The stretch from the line with "euler: [roll, pitch, yaw]" through the line with "Reply with CSV" in the records below: write it out exactly, and nothing else.
Start of INFORMATION
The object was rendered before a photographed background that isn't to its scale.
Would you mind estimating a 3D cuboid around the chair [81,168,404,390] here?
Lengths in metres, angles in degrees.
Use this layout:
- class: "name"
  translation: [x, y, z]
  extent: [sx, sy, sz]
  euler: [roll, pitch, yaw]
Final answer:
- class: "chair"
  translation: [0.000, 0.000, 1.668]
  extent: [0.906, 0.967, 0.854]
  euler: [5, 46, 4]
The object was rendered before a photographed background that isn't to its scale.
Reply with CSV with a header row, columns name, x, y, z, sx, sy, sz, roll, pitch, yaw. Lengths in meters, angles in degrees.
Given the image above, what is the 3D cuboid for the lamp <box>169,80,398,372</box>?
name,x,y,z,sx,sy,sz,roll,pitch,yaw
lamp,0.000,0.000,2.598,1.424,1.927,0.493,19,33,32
End of INFORMATION
Start of INFORMATION
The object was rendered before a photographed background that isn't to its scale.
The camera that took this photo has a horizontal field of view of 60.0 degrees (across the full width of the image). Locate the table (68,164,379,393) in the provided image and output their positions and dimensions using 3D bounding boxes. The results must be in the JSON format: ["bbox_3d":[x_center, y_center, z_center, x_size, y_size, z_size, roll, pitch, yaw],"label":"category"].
End of INFORMATION
▸ ANSWER SPACE:
  euler: [roll, pitch, yaw]
Final answer:
- class: "chair"
  translation: [0.000, 0.000, 1.668]
  extent: [0.906, 0.967, 0.854]
  euler: [5, 46, 4]
The object was rendered before a photographed background that isn't to its scale.
Reply with CSV with a header row, columns name, x, y, z, sx, sy, sz, roll, pitch, yaw. Lengths in meters, angles in degrees.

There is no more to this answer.